We’re always hearing about the year of this and that. This year was going to be the year of search, according to the buzz at last year’s Online Information conference . Maybe it was/is but I guess, for many of you, search has been somewhat central to your lives for many years now.
But what about the filtering and classification side? We all need something to do the heavy lifting for us. Something that pre-sorts the wheat from the chaff without straining our own neurons too much.
The good news is that next year is going to be the year of ‘sentiment analysis’, a bolt-on for search that determines the prevailing mood of document authors. Saul Haydon Rowe of British company Corpora believes that sentiment analysis software is “finally commercially mature” and that someone, not necessarily his own company, will announce a major win later this year.
Once sentiment analysis goes mainstream, we’ll wonder how we managed without it. Machine searches which can grade material according to the author’s overriding sentiment will greatly help us place an appropriate value on the story and track mood trends in general.
The applications are endless, but media analysis in order to track corporate reputation and market moods has real commercial value. It could also be used inside companies to analyse all manner of traditional digital content, as well as forums, blogs and emails. How about a pharmaceutical company that needs to find negative research feedback from a drug trial? Thousands of reports could be sifted in minutes.

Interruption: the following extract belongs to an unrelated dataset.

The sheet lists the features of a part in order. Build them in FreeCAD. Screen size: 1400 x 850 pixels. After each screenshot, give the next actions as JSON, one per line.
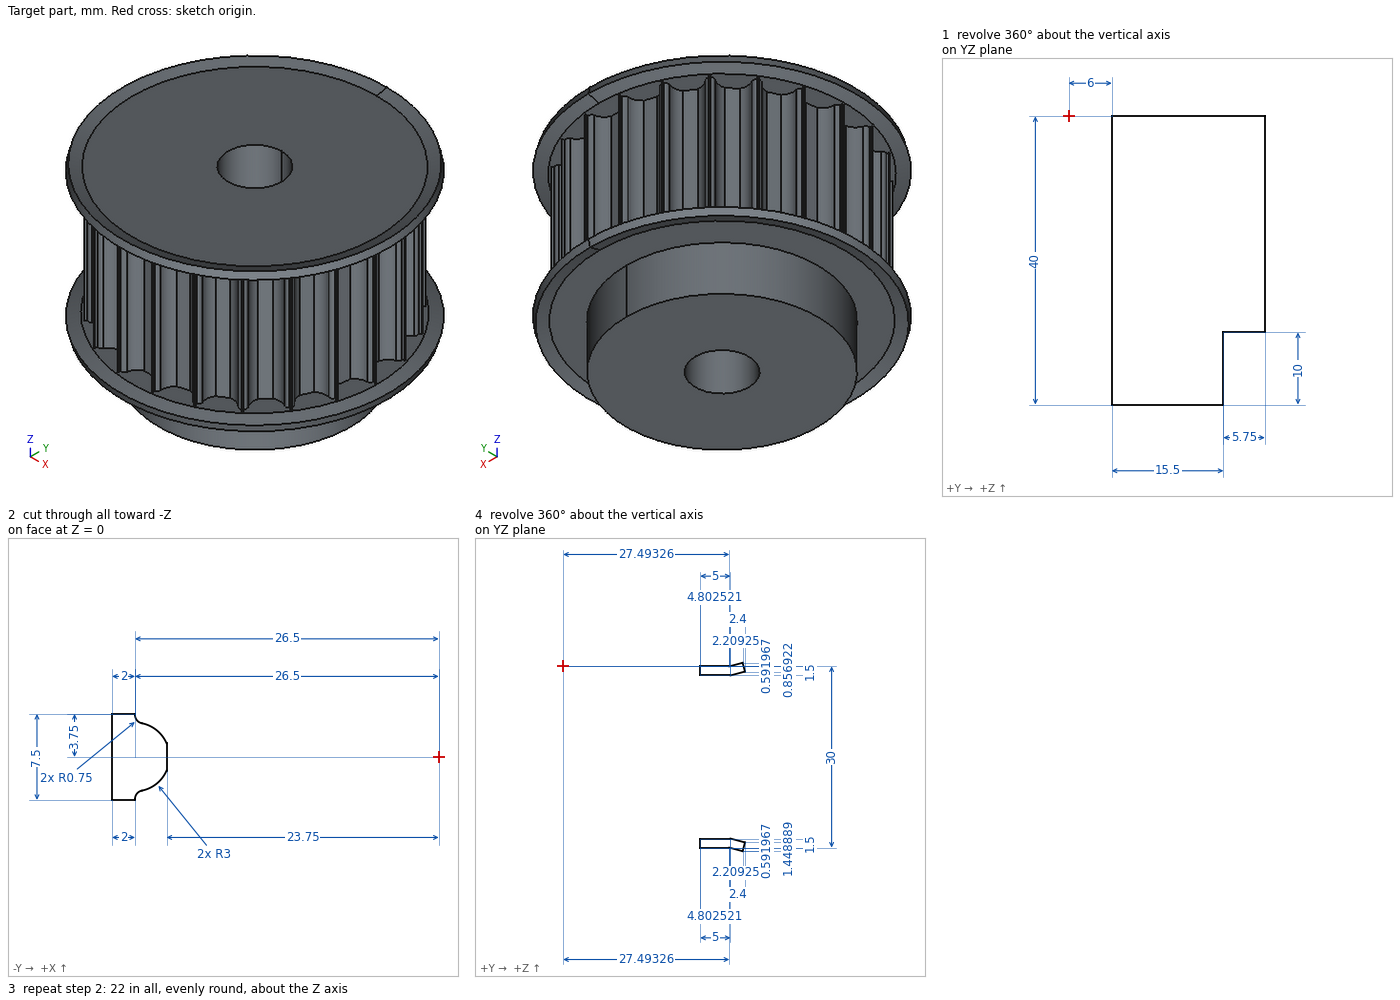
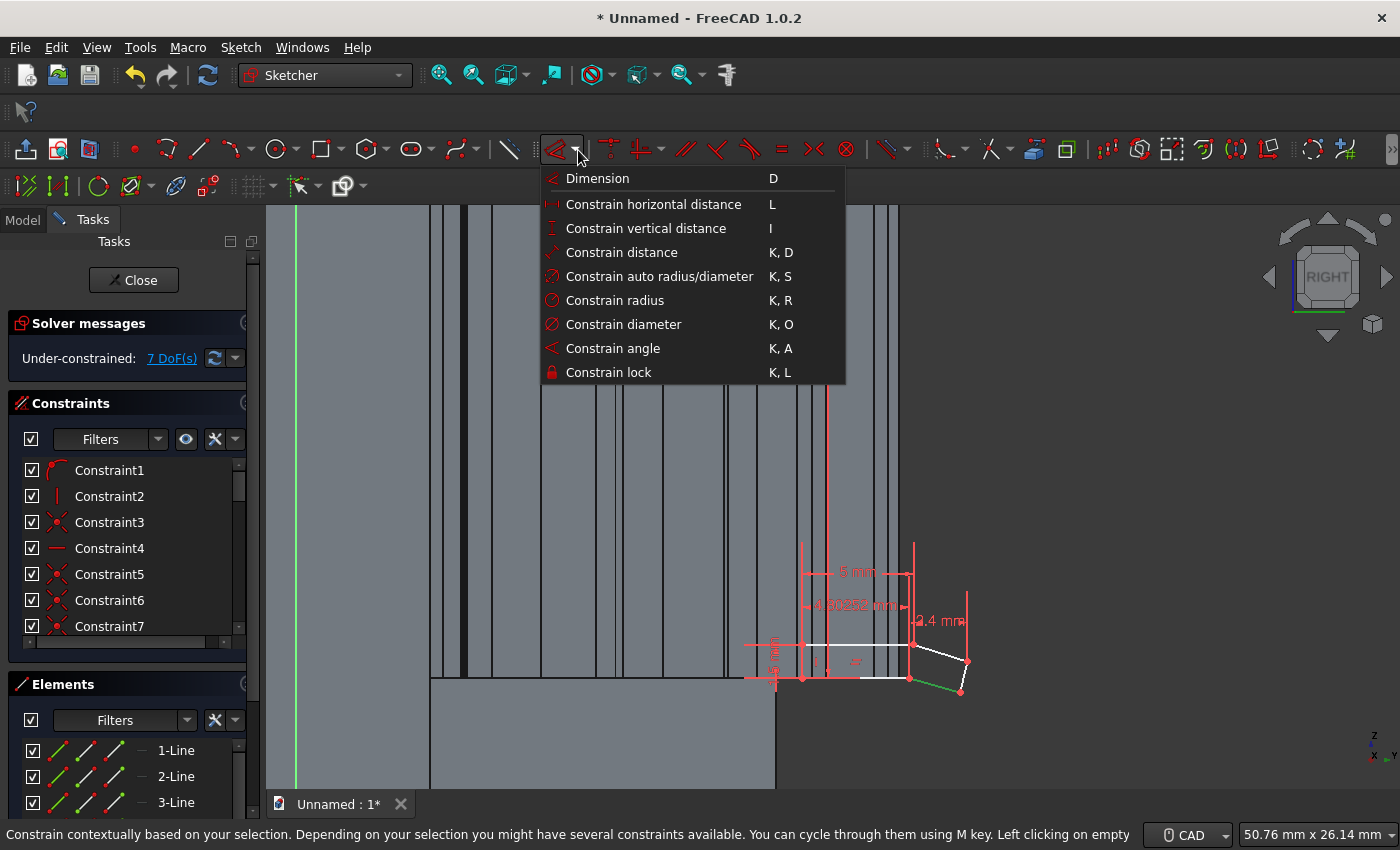
{"action": "left_click", "coordinate": [693, 204]}

I’ve been experimenting, in a small way, with Corpora’s News! to follow the network neutrality debate in America. Most of the discussion has been positive, even though the individual articles take different sides in the debate. Corpora’s software provides graphs of sentiment trends and bar charts from which you can drill down to the articles themselves.
In order to arrive at sensible conclusions, sentiment analysis software has
to understand context. For example, “fighting” and “disease” is negative in a
war context but positive in a medical one. This discrimination is something that
humans are very good at compared with computer software. Now the gap
has closed. In Corpora’s case, it reckons that its software hits 75% accuracy
compared with the 82% chance of two or more human analysts agreeing with each
other.
On average, humans process six articles per hour against the machine’s
throughput of 10 per second. I make that 6,000 times faster with a relative
accuracy of 91.4%. The software gives a confidence rating for its predictions
that can either be used as a filter or as a warning to involve humans in
the loop.
The way Corpora works is to throw out anything that doesn’t relate to sentiment before going into the assessment and machine-learning stage. Apart from obvious positive and negative words, it looks out for clues in sentence structure and the creative use of quotation and exclamation marks.
There are also some players on open source platforms like www.jane16.com for example, building text analysis tool.
In this world of total information overload, we need all the help we can get. Sentiment analysis promises to help us tackle the problem of filtering information by the quality of its source.